Teh sebagai Primadona Agrobisnis Jabar
Teh sebagai Primadona Agrobisnis Jabar
Bandung – Provinsi Jawa Barat (Jabar) terus berbenah di sektor pertanian. Provinsi yang dikenal sebagai lumbung pangan nasional ini, kini tak lagi hanya mengandalkan produk pertanian primer semata. Potensi sektor agro pertanian di Jabar cukup besar. Salah satu komoditas agro yang menjadi andalannya adalah teh.
Sektor perkebunan teh merupakan komoditas unggulan prioritas pertama di Jabar. Teh Perkebunan Rakyat merupakan yang terluas dibandingkan perkebunan besar swasta dan perkebunan besar negara. Sayang produktivitas perkebunan teh rakyat ini masih sangat rendah.

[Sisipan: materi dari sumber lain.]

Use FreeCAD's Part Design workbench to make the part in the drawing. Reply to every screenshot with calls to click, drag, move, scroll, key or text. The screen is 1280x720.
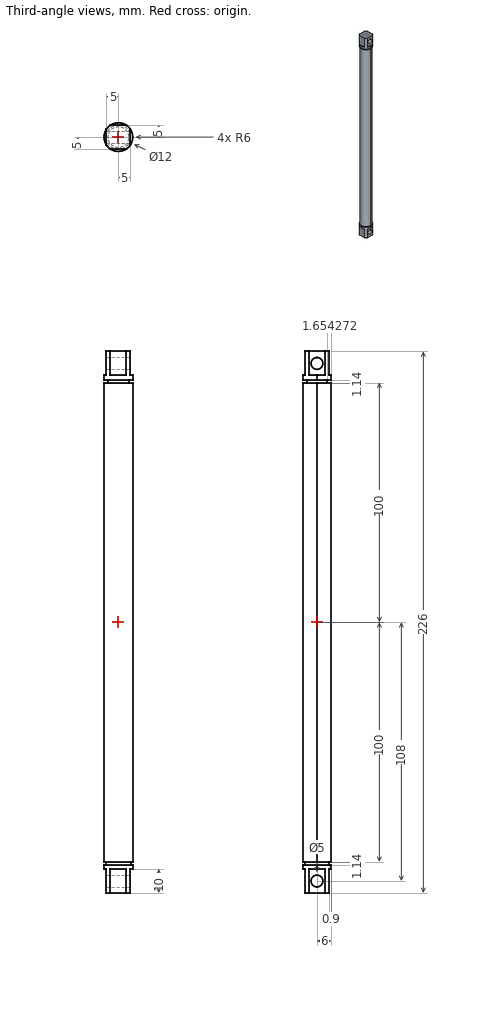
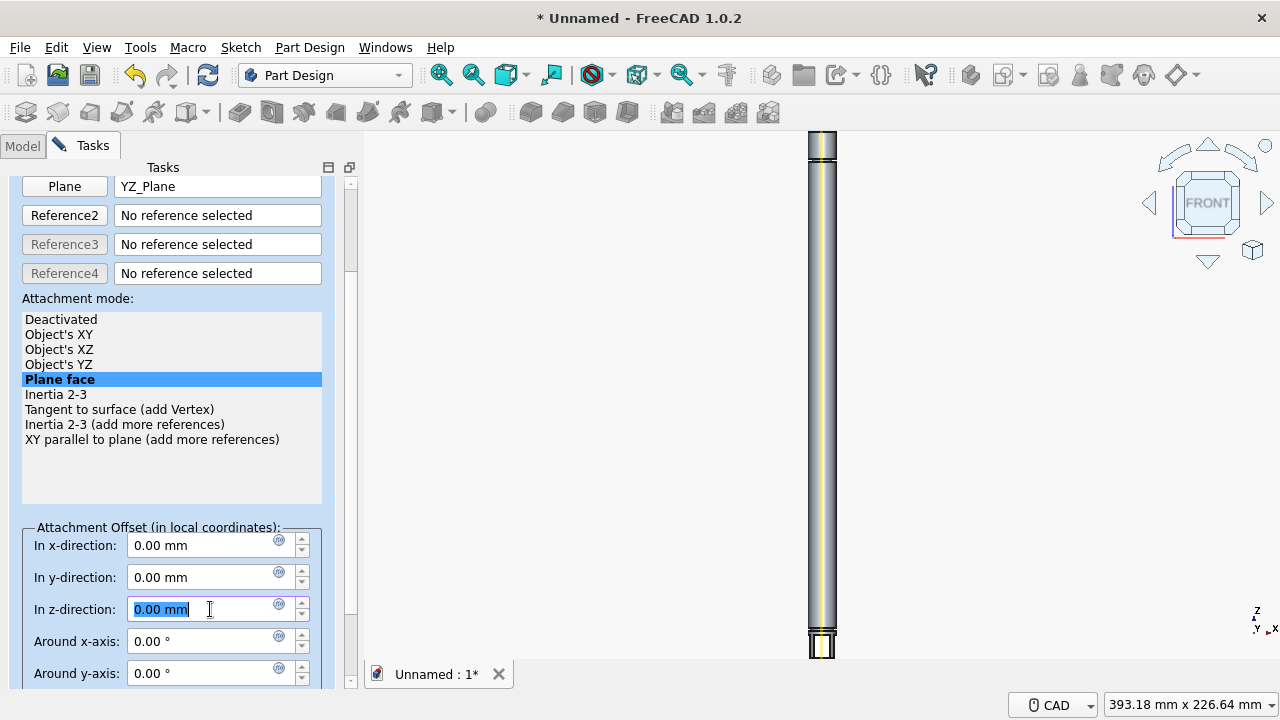
text(-5)
key(Tab)
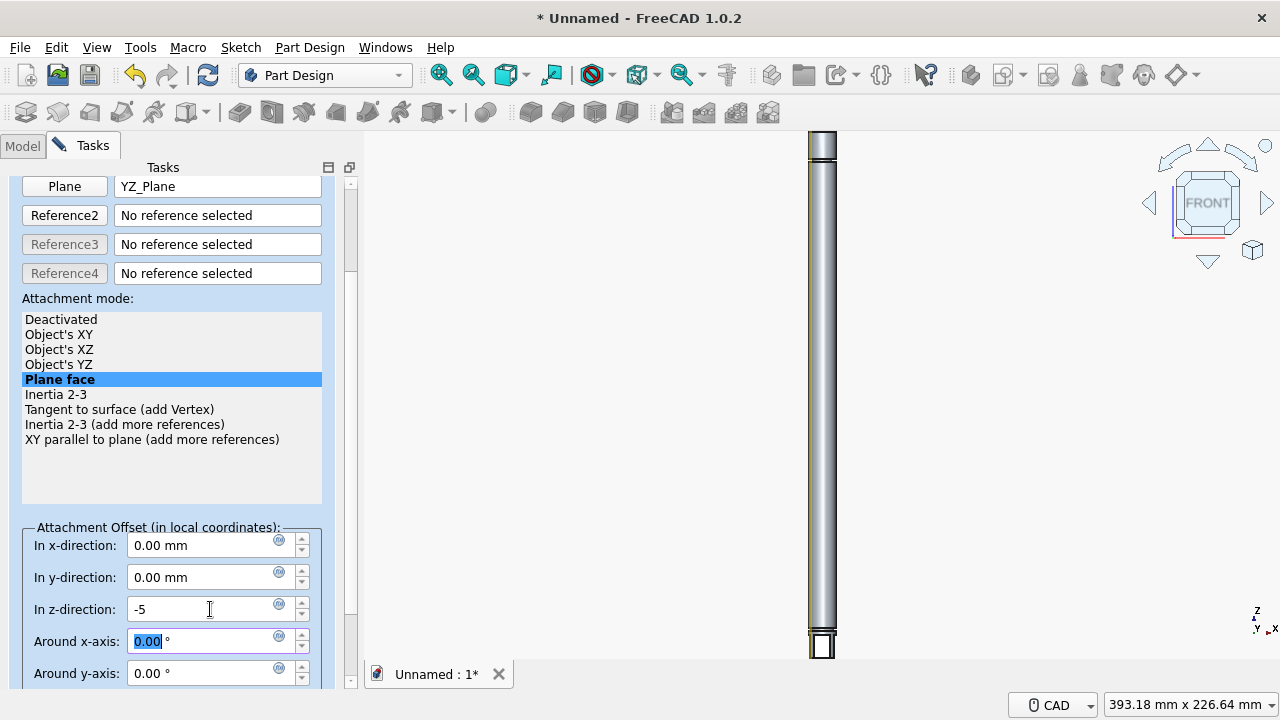
scroll(351, 432, up, 3)

Menurut Wakil Ketua Asosiasi Petani Teh (Apteh) Jabar Endang Sopari, teh bisa menjadi primadona komoditas agro Jabar. “Pada zaman kolonial saja, Belanda menjadikan teh sebagai komoditas yang diandalkan,” kata Endang kepada SH di Bandung, Selasa (14/4).
Luas lahan areal perkebunan teh di Jabar sekitar 116.000 hektare. Seluas 50 persen di antaranya dikelola oleh petani rakyat dan selebihnya oleh PTPN VIII dan perkebunan swasta. Areal lahan teh di Jabar ini merupakan yang terluas di seluruh Indonesia. Dengan produksi setiap tahun yang mencapai 120.000 ton, Jabar memasok sebanyak 70 persen produksi teh nasional. Lahan perkebunan teh tersebar di 11 daerah. Di antaranya Sukabumi, Subang, Bandung Barat, Purwakarta, Bogor hingga wilayah di Garut.

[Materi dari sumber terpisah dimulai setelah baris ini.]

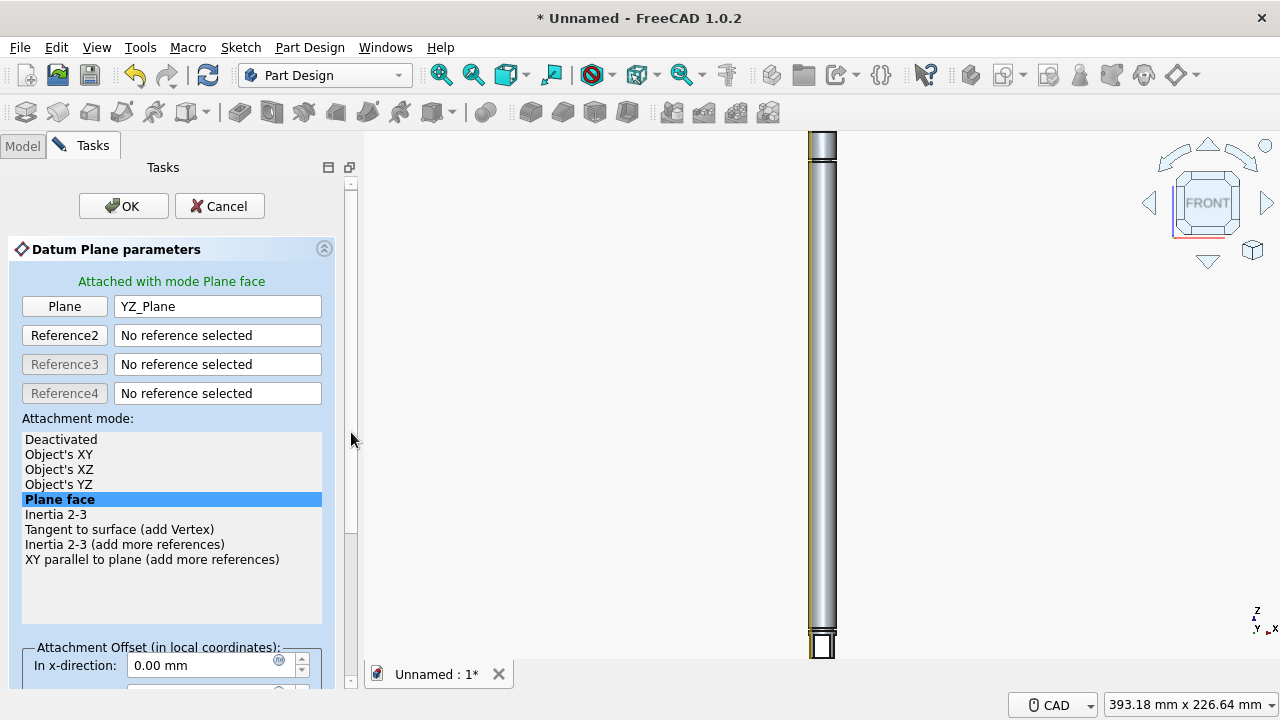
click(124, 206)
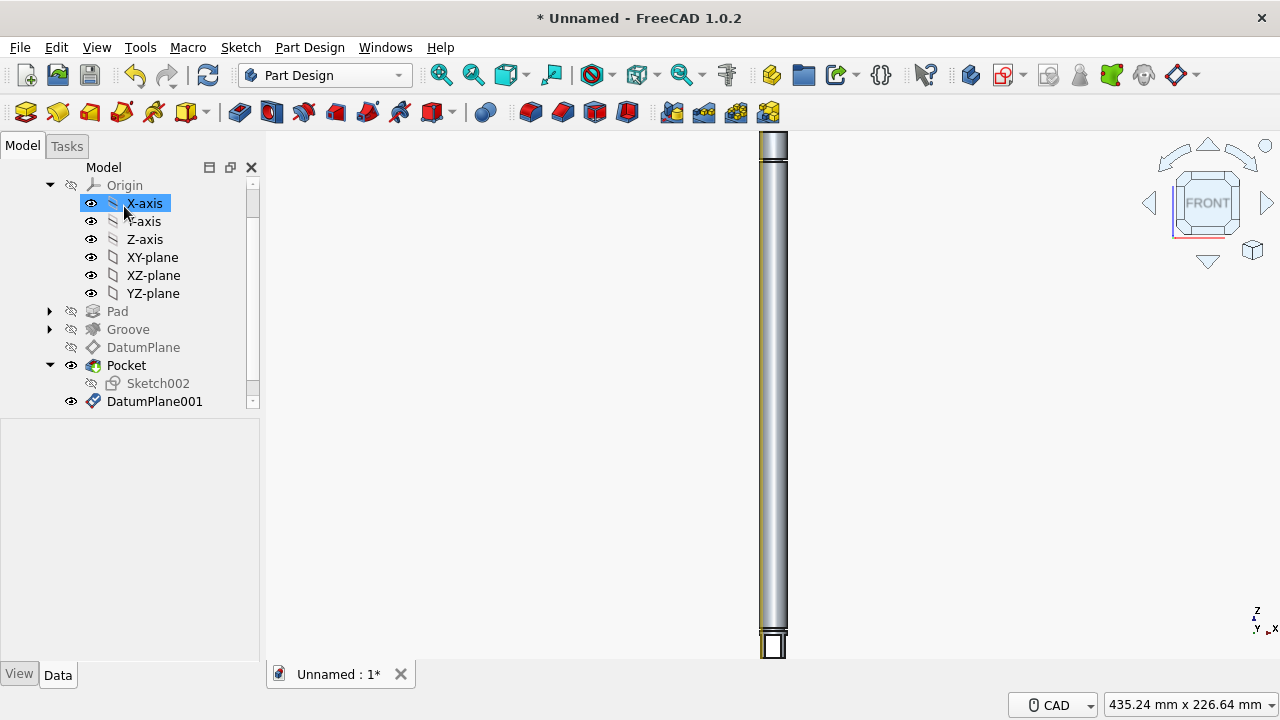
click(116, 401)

Jenis teh yang dihasilkan pun tergolong serba-ada. Mulai dari teh hijau hingga teh hitam yang dapat diandalkan. Teh asal Jabar ini tak hanya memenuhi kebutuhan teh nasional. Teh Jabar juga diekspor ke mancanegara seperti Rusia, Inggris, Jepang hingga negara di Timur Tengah dengan total ekspor di atas 50.000 ton setiap tahunnya.
Prospek teh sebagai primadona sektor agrobisnis Jabar dinilai cukup bagus di masa mendatang. Badan Koordinasi Promosi dan Penanaman Modal Daerah (BKPPMD) Jabar bahkan memasukkan komoditas teh sebagai salah satu unggulan yang ditawarkan kepada investor dalam World Islamic Economic Forum (WIEF), awal Maret silam.

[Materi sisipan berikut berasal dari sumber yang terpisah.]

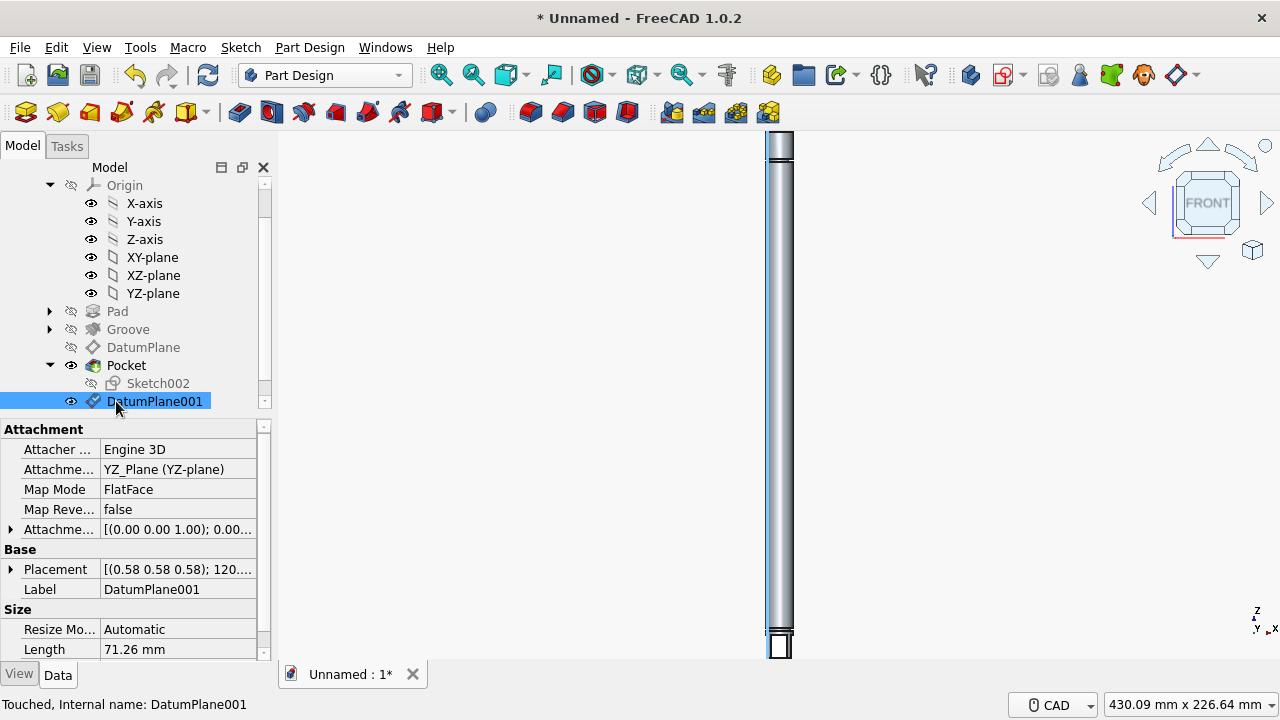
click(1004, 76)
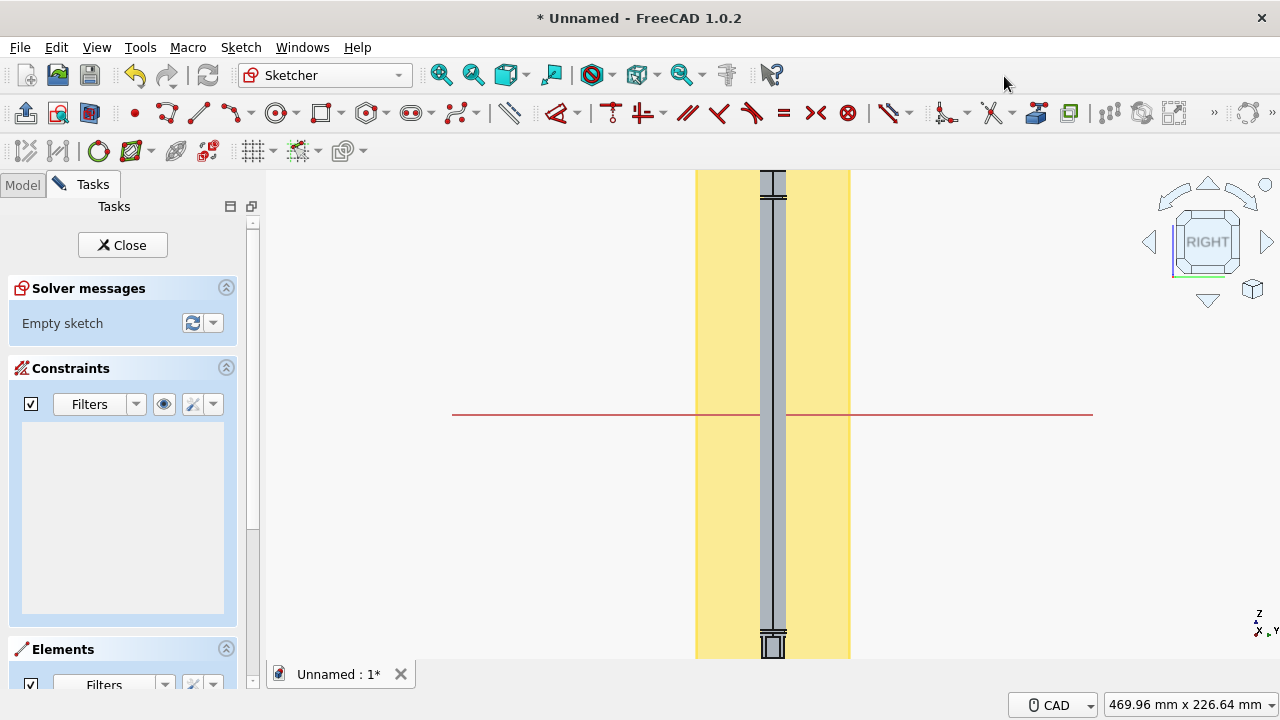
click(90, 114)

Komoditas teh selama ini masih menjadi proyek sekunder yang ditawarkan kepada investor. Bersama komoditas agrobisnis lainnya nilai proyek sekunder yang tercatat di BKPPMD Jabar mencapai Rp 19,49 triliun. “Sektor agrobisnis ke depan didorong sebagai fokus menyerap investasi,” tandas Kepala BKPPMD Jabar Iwa Karniwa.
Menjadikan sektor agrobisnis, termasuk teh, sebagai fokus investasi diharapkan dapat menyerap ribuan tenaga kerja.
Target yang dicanangkan itu tampaknya dapat direalisasikan, meski dengan sederet syarat. Menurut Wakil Ketua Bidang Pertanian Kadin Jabar, Sonson Garsoni, peningkatan kualitas komoditas agrobisnis harus diperbaiki terlebih dulu. Untuk komoditas teh, misalnya, mutu teh Jabar mulai tersaingi oleh teh dari Kenya maupun Sri Lanka.
Jika tidak diperhatikan, bukan tidak mungkin teh dari Jabar tak mampu bersaing dengan produk sejenis dari Kenya dan Sri Lanka itu. “Sangat disayangkan apabila komoditas agrobisnis di Jabar mutunya tak mampu dijaga dengan baik,” ujar Sonson.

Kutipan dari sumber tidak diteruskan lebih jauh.